Jun 26 15:00:52 vm-server NetworkManager[840]: <warn> [1498503652.9531] 
dhcp4 (br0): request timed out
Jun 26 15:00:52 vm-server NetworkManager[840]: <info> [1498503652.9532] 
dhcp4 (br0): state changed unknown -> timeout
Jun 26 15:00:52 vm-server NetworkManager[840]: <info> [1498503652.9694] 
dhcp4 (br0): canceled DHCP transaction, DHCP client pid 15937
Jun 26 15:00:52 vm-server NetworkManager[840]: <info> [1498503652.9694] 
dhcp4 (br0): state changed timeout -> done
Jun 26 15:00:52 vm-server NetworkManager[840]: <info> [1498503652.9697] 
device (br0): scheduling DHCPv4 restart in 120 seconds, 1 tries left 
(reason: lease expired)
Jun 26 15:02:52 vm-server NetworkManager[840]: <info> [1498503772.9548] 
dhcp4 (br0): activation: beginning transaction (timeout in 45 seconds)
Jun 26 15:02:52 vm-server NetworkManager[840]: <info> [1498503772.9566] 
dhcp4 (br0): dhclient started with pid 15994
Jun 26 15:02:52 vm-server dhclient[15994]: DHCPDISCOVER on br0 to 
255.255.255.255 port 67 interval 4 (xid=0x54083ff1)
Jun 26 15:03:37 vm-server NetworkManager[840]: <warn> [1498503817.9818] 
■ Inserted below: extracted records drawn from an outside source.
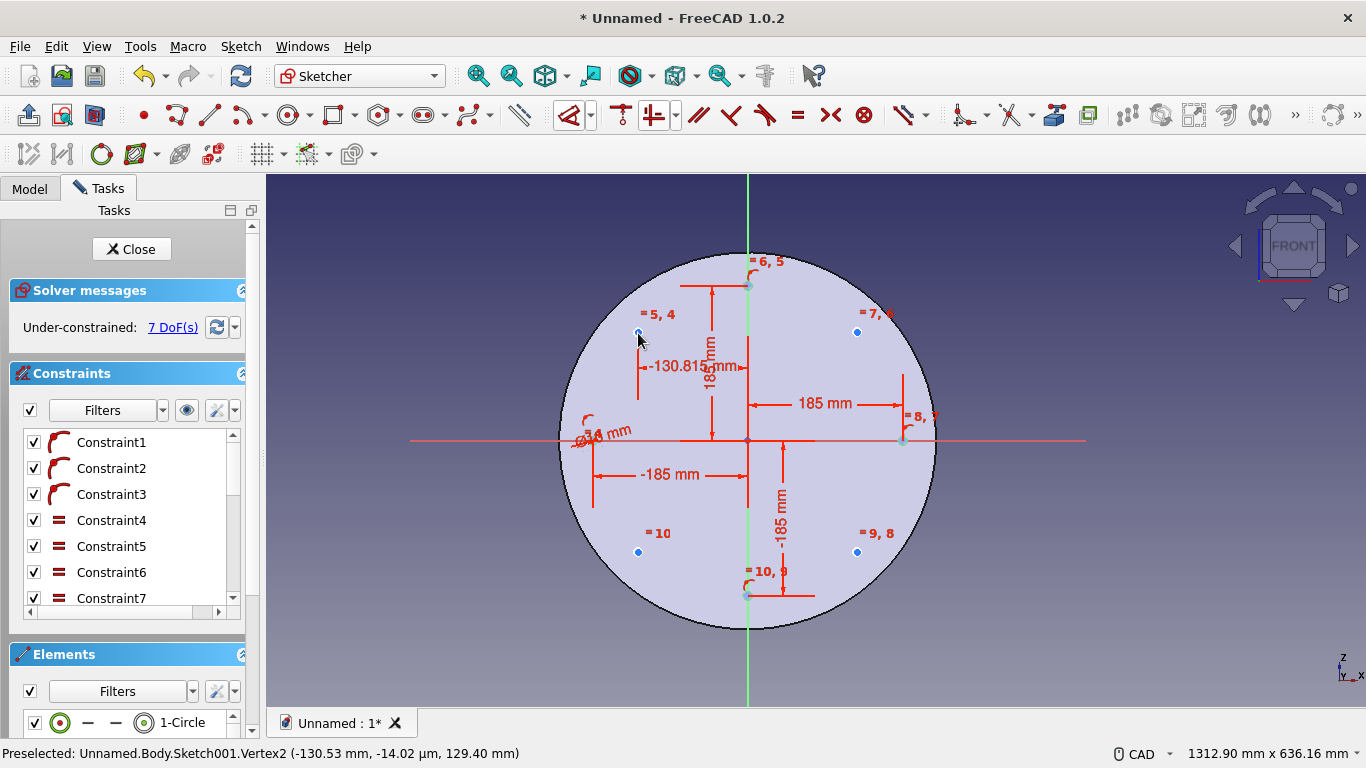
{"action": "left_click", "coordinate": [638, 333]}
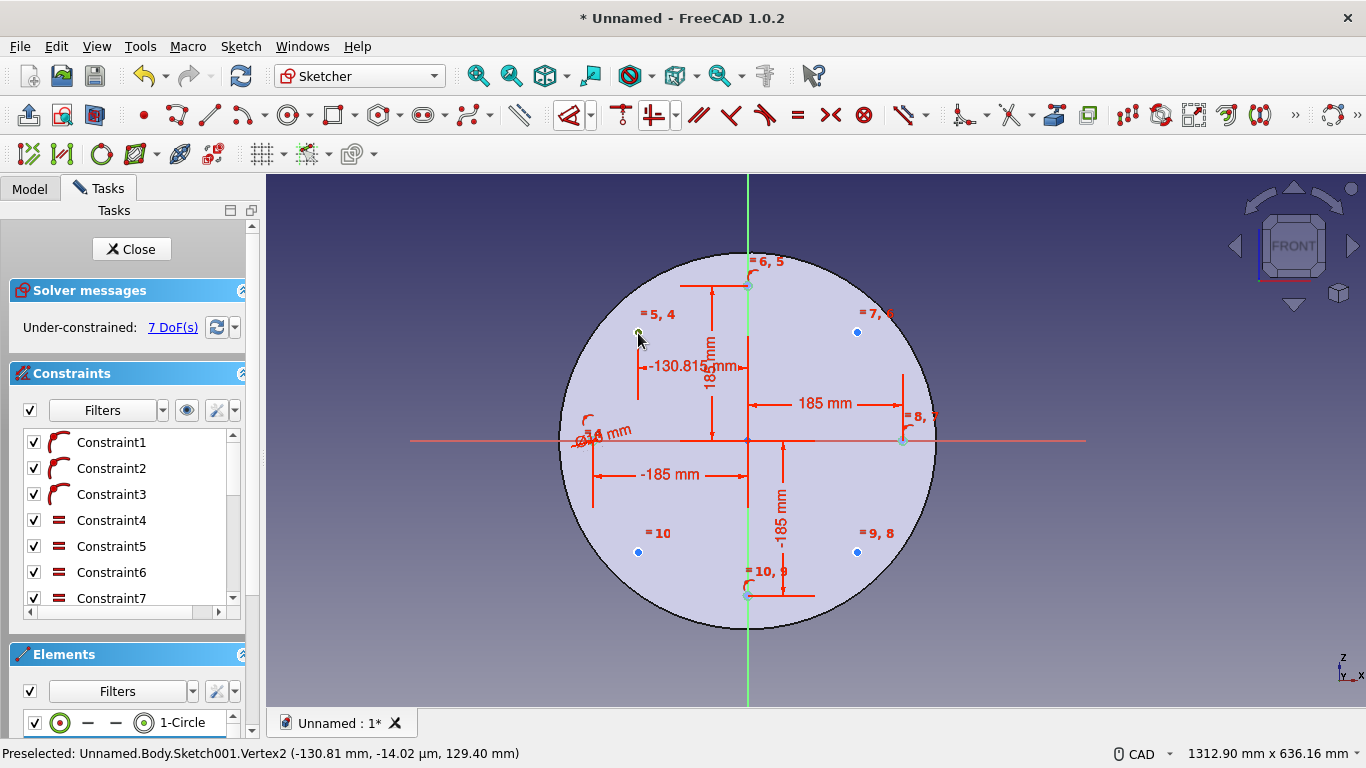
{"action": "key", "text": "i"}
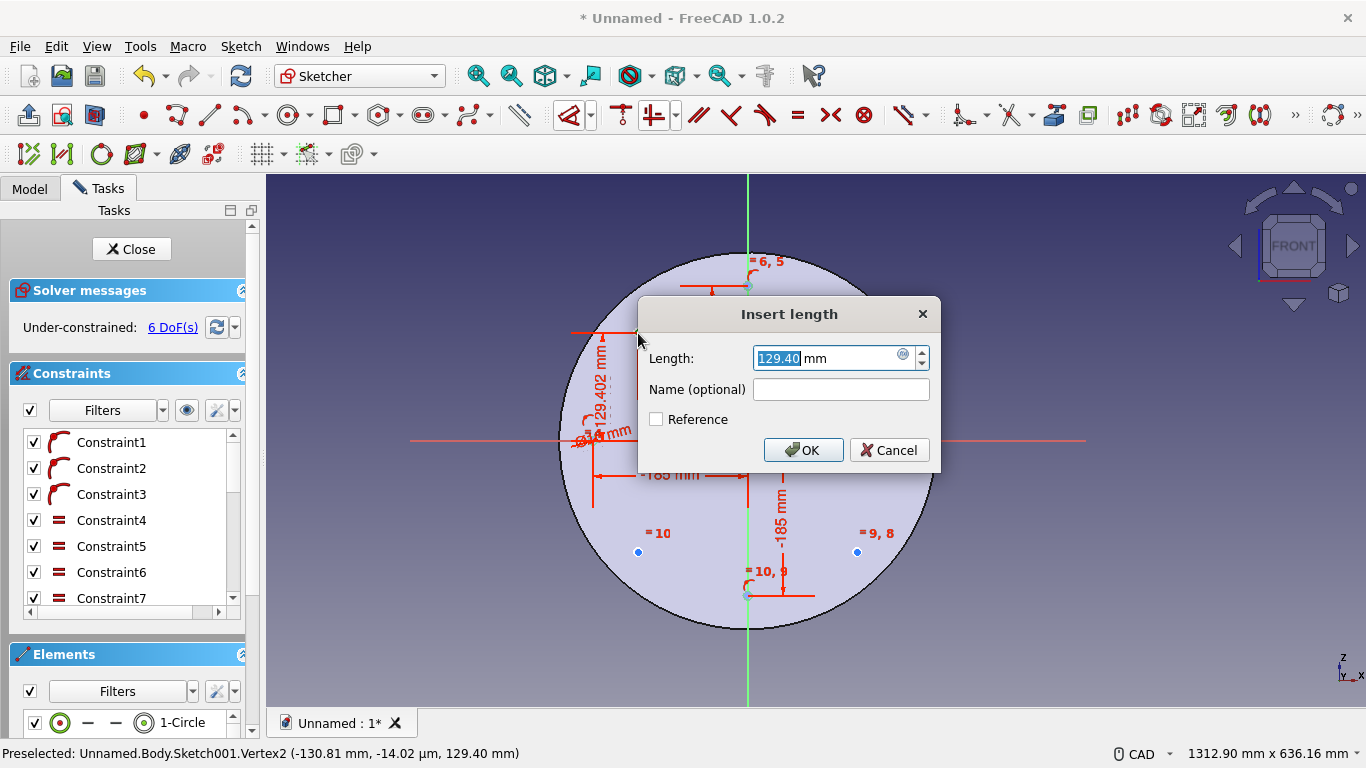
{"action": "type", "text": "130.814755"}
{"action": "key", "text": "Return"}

dhcp4 (br0): request timed out
Jun 26 15:03:37 vm-server NetworkManager[840]: <info> [1498503817.9819] 
dhcp4 (br0): state changed unknown -> timeout
Jun 26 15:03:37 vm-server NetworkManager[840]: <info> [1498503817.9981] 
dhcp4 (br0): canceled DHCP transaction, DHCP client pid 15994
Jun 26 15:03:37 vm-server NetworkManager[840]: <info> [1498503817.9981] 
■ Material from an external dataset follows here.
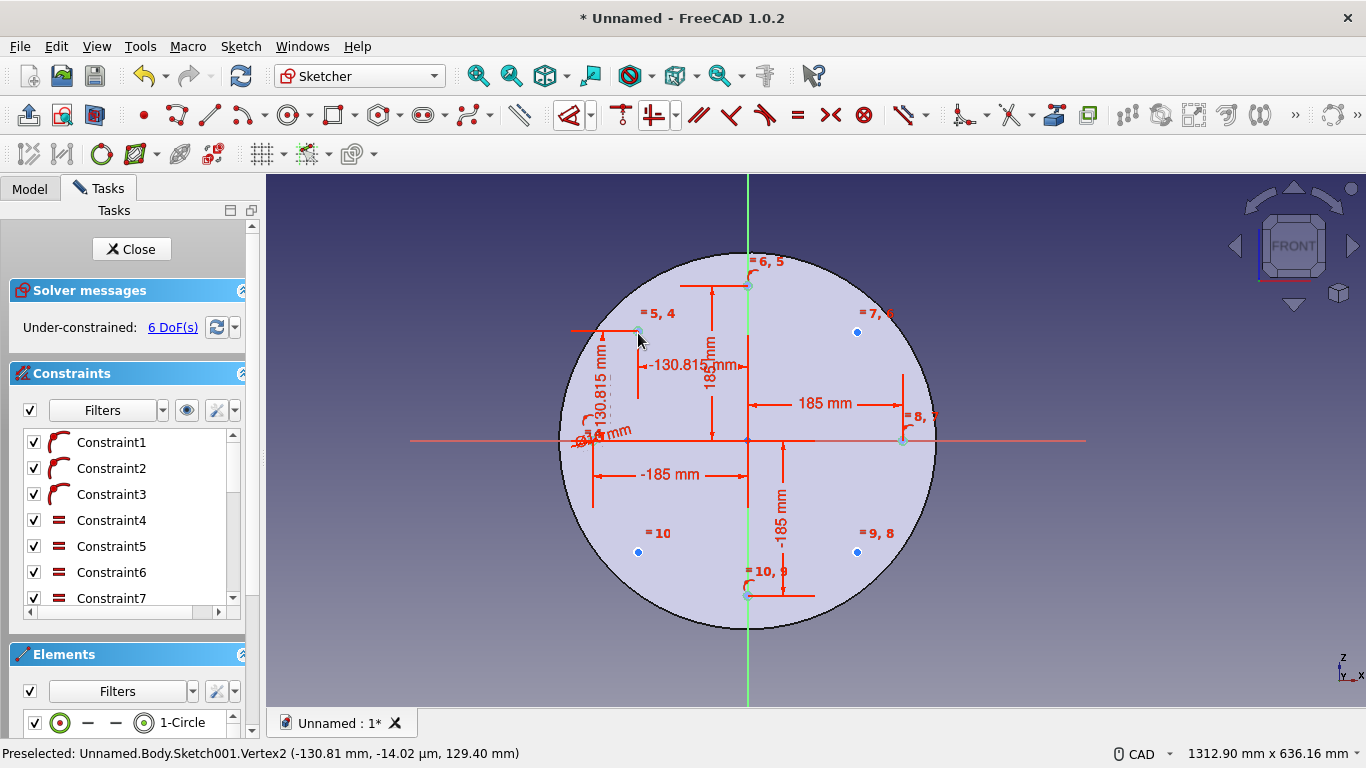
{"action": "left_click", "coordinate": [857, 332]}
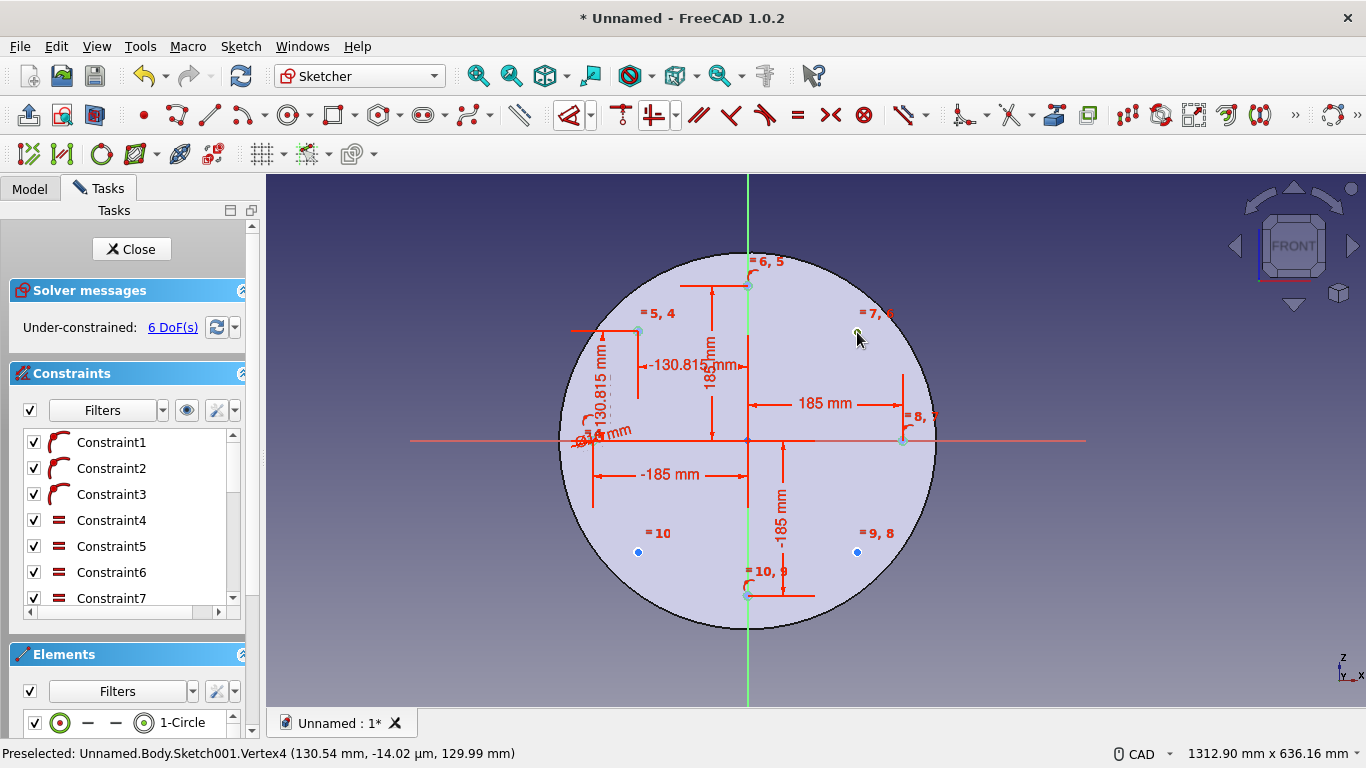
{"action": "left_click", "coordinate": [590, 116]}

dhcp4 (br0): state changed timeout -> done
Jun 26 15:03:37 vm-server NetworkManager[840]: <info> [1498503817.9984] 
device (br0): state change: activated -> failed (reason 
'ip-config-unavailable') [100 120 5]
Jun 26 15:03:37 vm-server NetworkManager[840]: <info> [1498503817.9987] 
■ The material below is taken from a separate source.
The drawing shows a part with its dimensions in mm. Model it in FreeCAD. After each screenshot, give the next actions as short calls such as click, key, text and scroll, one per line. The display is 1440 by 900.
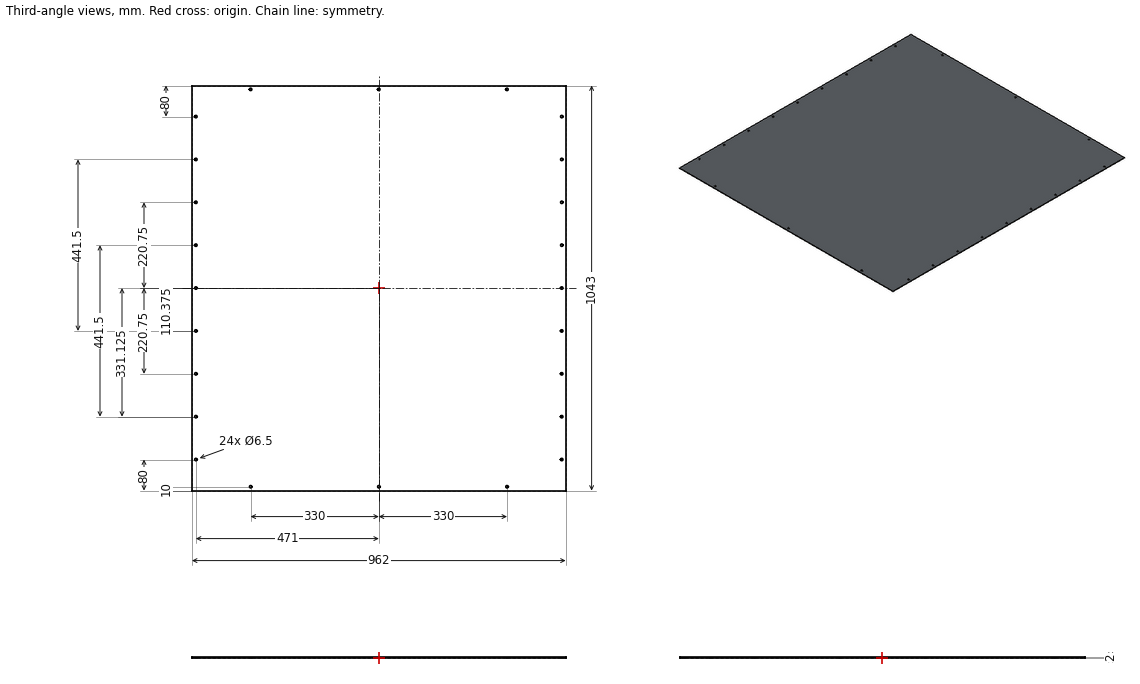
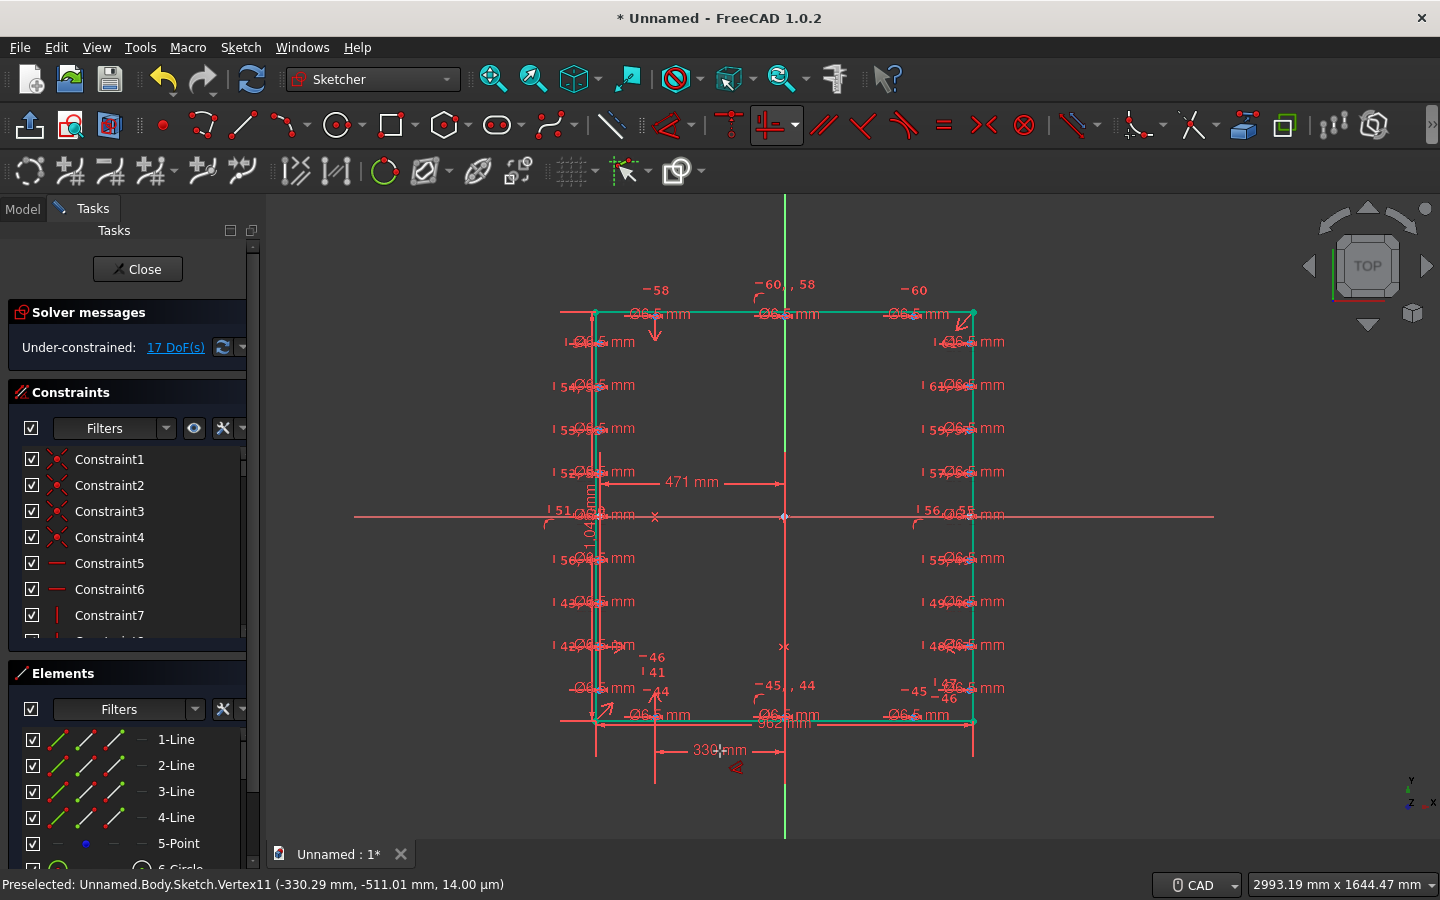
click(914, 717)
click(849, 751)

manager: NetworkManager state is now CONNECTED_LOCAL
Jun 26 15:03:38 vm-server NetworkManager[840]: <warn> [1498503818.0457] 
device (br0): Activation: failed for connection 'br0'
Jun 26 15:03:38 vm-server kernel: device enp3s0 left promiscuous mode
Jun 26 15:03:38 vm-server kernel: br0: port 1(enp3s0) entered disabled state
Jun 26 15:03:38 vm-server NetworkManager[840]: <info> [1498503818.0473] 
device (br0): detached bridge port enp3s0
Jun 26 15:03:38 vm-server kernel: device vnet0 left promiscuous mode
Jun 26 15:03:38 vm-server kernel: br0: port 2(vnet0) entered disabled state
Jun 26 15:03:38 vm-server NetworkManager[840]: <info> [1498503818.0483] 
device (br0): detached bridge port vnet0
Jun 26 15:03:38 vm-server kernel: device vnet2 left promiscuous mode
Jun 26 15:03:38 vm-server kernel: br0: port 3(vnet2) entered disabled state
Jun 26 15:03:38 vm-server NetworkManager[840]: <info> [1498503818.0493] 
device (br0): detached bridge port vnet2
Jun 26 15:03:38 vm-server kernel: device vnet3 left promiscuous mode

When I powered back on at:

Jun 26 16:45:29 vm-server dhclient[26539]: DHCPOFFER from 192.168.2.1
Jun 26 16:45:29 vm-server dhclient[26539]: DHCPACK from 192.168.2.1 
(xid=0x4c7b48be)

None of the bridges that NetworkManager decided to detach were restored.

Is this the case of being bitten by NetworkManager once again? Not sure 
why I am running it other than it is the default and I don't remember if 
it is responsible for setting up the bridges.